Tribuna do Leitor

A maldade está nos olhos... e nas intenções

Benedito José Almeida Falcão
| Tempo de leitura: 2 min

Primeiramente, sr. Roque Ferreira e família Nogueira Marciano, quero lembrá-los que vivemos num país democrático, onde são garantidas liberdades, entre elas a de pensar.

E isso inclui divergir.

Aliás, se tivessem tido a capacidade e coerência de interpretar, minha questão não é, nem nunca foi, sobre a existência ou não do preconceito, mas sim sobre a forma policialesca com que qualquer assunto vem sendo tratado. Como já foi dito, "a maldade, muitas vezes, está nos olhos de quem vê".

Observem que os foliões mencionados pelo senhor Roque, vítimas dessa perseguição ideológica do "politicamente correto", não se sentiram diminuídos em usar suas fantasias.

Como disse o Marcão da bateria do Salgueiro: "São negros que se pintam de negro. É nossa raça..."

Como se conclui, onde alguns (inclusive negros) enxergam o enaltecimento da própria raça, a valorização da cultura popular do carnaval, outros veem maldade, discriminação e preconceito...

Gente que abomina o "Black Facie" do carnaval, mas não tem a menor cerimônia em vestir a fantasia do coitado ou do perseguido o ano todo. Essa a diferença entre pessoas como o ex-ministro do STF Joaquim Barbosa, que usou o preconceito como estímulo ao desenvolvimento pessoal, e aqueles que usam o preconceito como justificativa para tudo.

Aliás, vindo de origem muito humilde, hoje este "racista estrutural" tem condições de ajudar outras pessoas em projetos sociais (inclusive no nordeste e na África), enquanto muita gente fica de blá blá blá ou mimimi.

Isso porque desde pequeno fui ensinado pelo meu pai a não utilizar nossa condição financeira desfavorável como desculpa para não evoluir.

Para concluir, duas coisas me irritam muito. Uma é o preconceito, de qualquer natureza, especialmente aquele dissimulado e invisível a olho nú e que muitas vezes está, inclusive, na outra face da moeda (se é que me entendem).

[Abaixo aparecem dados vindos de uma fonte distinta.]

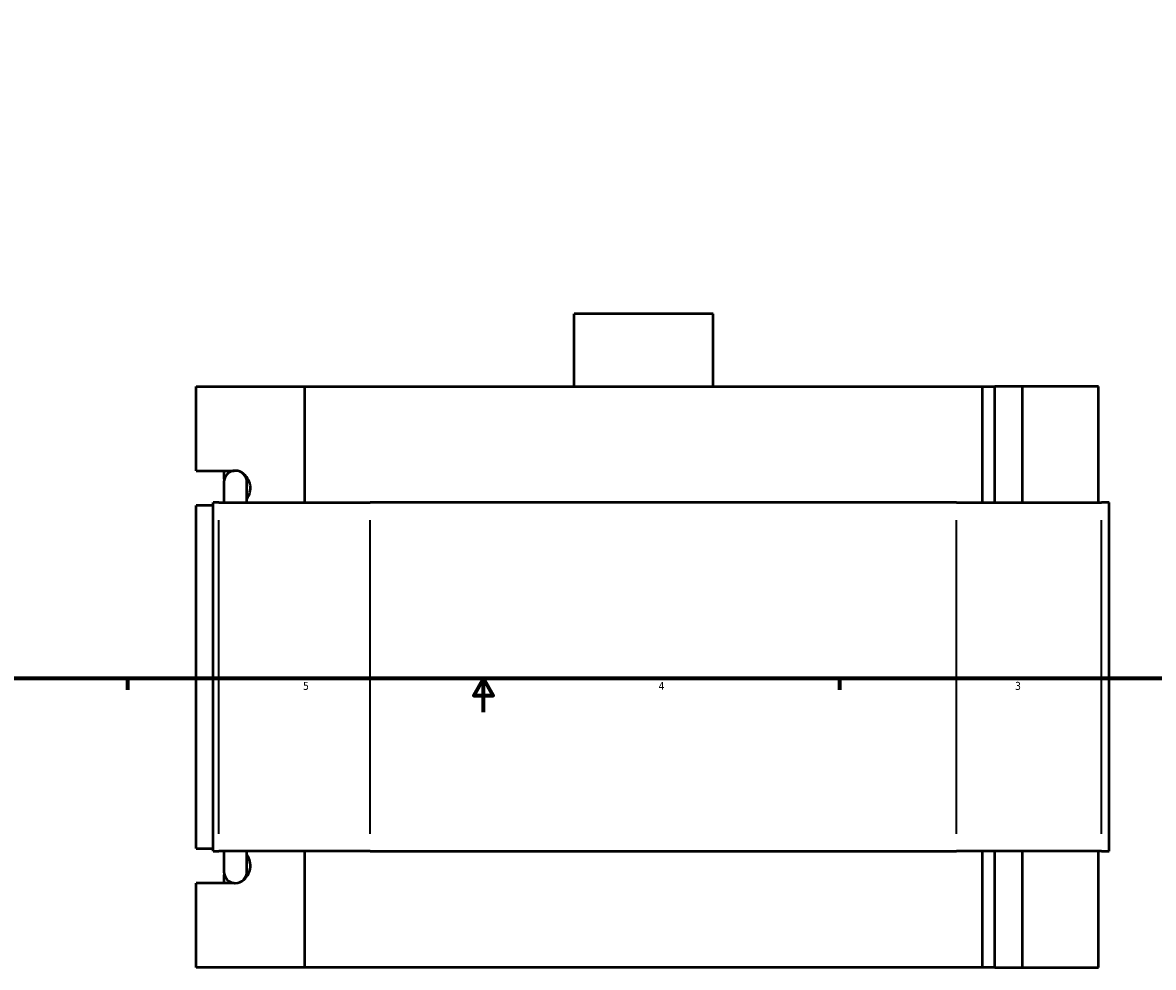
# Model space of a CAD drawing. Header units: inches. Extents: x -2 to 50.6, y -2.4 to 49.1.
# Tile 2 of 8: x 11.5 to 25, y -2.4 to 8.8. Entities that reach past the tile are written whole.
import ezdxf

# ---------------------------------------------------------------- set-up
doc = ezdxf.new("R2010")
doc.units = ezdxf.units.IN
doc.header["$MEASUREMENT"] = 0
for name, color, linetype, lineweight in [('Border (ANSI)', 7, 'Continuous', 70), ('Visible (ANSI)', 7, 'Continuous', 50), ('Visible Narrow (ANSI)', 7, 'Continuous', 35)]:
    doc.layers.add(name, color=color, linetype=linetype, lineweight=lineweight)
doc.styles.add('Note Text (ANSI)', font='tahoma.ttf')

# ---------------------------------------------------------------- blocks, each defined once
blk = doc.blocks.new('Borders Default Border')
at = {"layer": 'Border (ANSI)'}
for p, q in [((12.75, 1), (12.75, 0.866)), ((21.25, 1), (21.25, 0.866))]:
    blk.add_line(p, q, dxfattribs=at)
at = {"layer": 'Border (ANSI)', "flags": 128}
for points in [[(0.5, 1), (0.5, 21), (33.5, 21), (33.5, 1), (0.5, 1)], [(17, 0.6), (17, 1), (16.885, 0.8), (17.115, 0.8), (17, 1)]]:
    blk.add_lwpolyline(points, dxfattribs=at)
at = {"layer": 'Border (ANSI)', "color": 5, "true_color": 0x0000ff, "char_height": 0.0945, "attachment_point": 7, "style": 'Note Text (ANSI)'}
for s, insert in [('5', (14.847, 0.864)), ('4', (19.092, 0.866)), ('3', (23.346, 0.864))]:
    blk.add_mtext(s, dxfattribs=dict(at, insert=insert))

msp = doc.modelspace()

# ---------------------------------------------------------------- linework, layer by layer
at = {"layer": 'Visible (ANSI)'}
for p, q in [((19.741, 5.35), (18.083, 5.35)), ((18.083, 4.485), (18.083, 5.35)), ((19.741, 4.485), (19.741, 5.35)), ((13.572, 3.479), (13.572, 4.485)), ((13.572, 4.485), (14.866, 4.485)), ((14.866, 4.485), (14.866, 3.099)), ((14.866, 4.485), (22.957, 4.485)), ((22.957, 4.485), (23.107, 4.485)), ((22.957, 3.099), (22.957, 4.485)), ((23.435, 4.485), (23.107, 4.485)), ((23.107, 3.099), (23.107, 4.485)), ((24.343, 4.485), (23.435, 4.485)), ((23.435, 3.099), (23.435, 4.485)), ((24.343, 3.099), (24.343, 4.485)), ((13.572, 3.479), (14.025, 3.479)), ((13.907, 3.38), (13.907, 3.479)), ((13.902, 3.342), (13.902, 3.099)), ((14.178, 3.099), (14.178, 3.342)), ((13.773, 3.066), (13.572, 3.066)), ((13.572, -1.025), (13.572, 3.066)), ((13.843, 3.099), (13.773, 3.099)), ((13.773, -1.059), (13.773, 3.099)), ((13.843, 3.099), (15.65, 3.099)), ((22.647, 3.099), (15.65, 3.099)), ((22.647, 3.099), (24.38, 3.099)), ((24.472, 3.099), (24.38, 3.099)), ((24.472, -1.059), (24.472, 3.099)), ((13.572, -1.025), (13.773, -1.025)), ((13.773, -1.059), (13.843, -1.059)), ((15.65, -1.059), (13.843, -1.059)), ((13.902, -1.059), (13.902, -1.301)), ((14.178, -1.301), (14.178, -1.059)), ((14.866, -1.059), (14.866, -2.445)), ((15.65, -1.059), (22.647, -1.059)), ((24.38, -1.059), (22.647, -1.059)), ((22.957, -2.445), (22.957, -1.059)), ((23.107, -2.445), (23.107, -1.059)), ((23.435, -2.445), (23.435, -1.059)), ((24.343, -2.445), (24.343, -1.059)), ((24.38, -1.059), (24.472, -1.059)), ((13.907, -1.439), (13.907, -1.34)), ((14.025, -1.439), (13.572, -1.439)), ((13.572, -2.445), (13.572, -1.439)), ((14.866, -2.445), (13.572, -2.445)), ((22.957, -2.445), (14.866, -2.445)), ((23.107, -2.445), (22.957, -2.445)), ((23.107, -2.445), (23.435, -2.445)), ((23.435, -2.445), (24.343, -2.445))]:
    msp.add_line(p, q, dxfattribs=at)
for centre, start, end in [((14.04, 3.342), 0, 180), ((14.04, -1.301), 180, 0)]:
    msp.add_arc(centre, 0.138, start, end, dxfattribs=at)
for centre, major_axis, start_param, end_param in [((14.025, 3.273), (0, 0.207), 6.264459, 6.283185), ((14.025, 3.273), (0, -0.207), 0.903905, 2.583903), ((14.025, -1.232), (0, -0.207), 0.557689, 2.237688), ((14.025, -1.232), (0, -0.207), 0, 0.018727)]:
    msp.add_ellipse(centre, major_axis=major_axis, ratio=0.939693, start_param=start_param, end_param=end_param, dxfattribs=at)
at = {"layer": 'Visible Narrow (ANSI)'}
for p, q in [((13.843, -0.851), (13.843, 2.891)), ((15.65, -0.851), (15.65, 2.891)), ((22.647, -0.851), (22.647, 2.891)), ((24.38, -0.851), (24.38, 2.891))]:
    msp.add_line(p, q, dxfattribs=at)

# ---------------------------------------------------------------- block references
msp.add_blockref('Borders Default Border', (0, 0))

doc.saveas('drawing.dxf')

A outra, é se isolar fatos, frases e imagens, dando-lhes conotações ortodoxas e exacerbadas, transformando a reflexão em discurso xiita, muleta ou palanque eleitoral. Agora, esclarecido meu ponto de vista, podem distorcer minhas palavras e atirar sobre mim suas insatisfações pessoais.

Eu não ligo. Prefiro continuar acreditando e investindo em gente que olha e luta pelo futuro, ao invés de viver num passado de sofrimento eterno, onde a história é contada pela metade.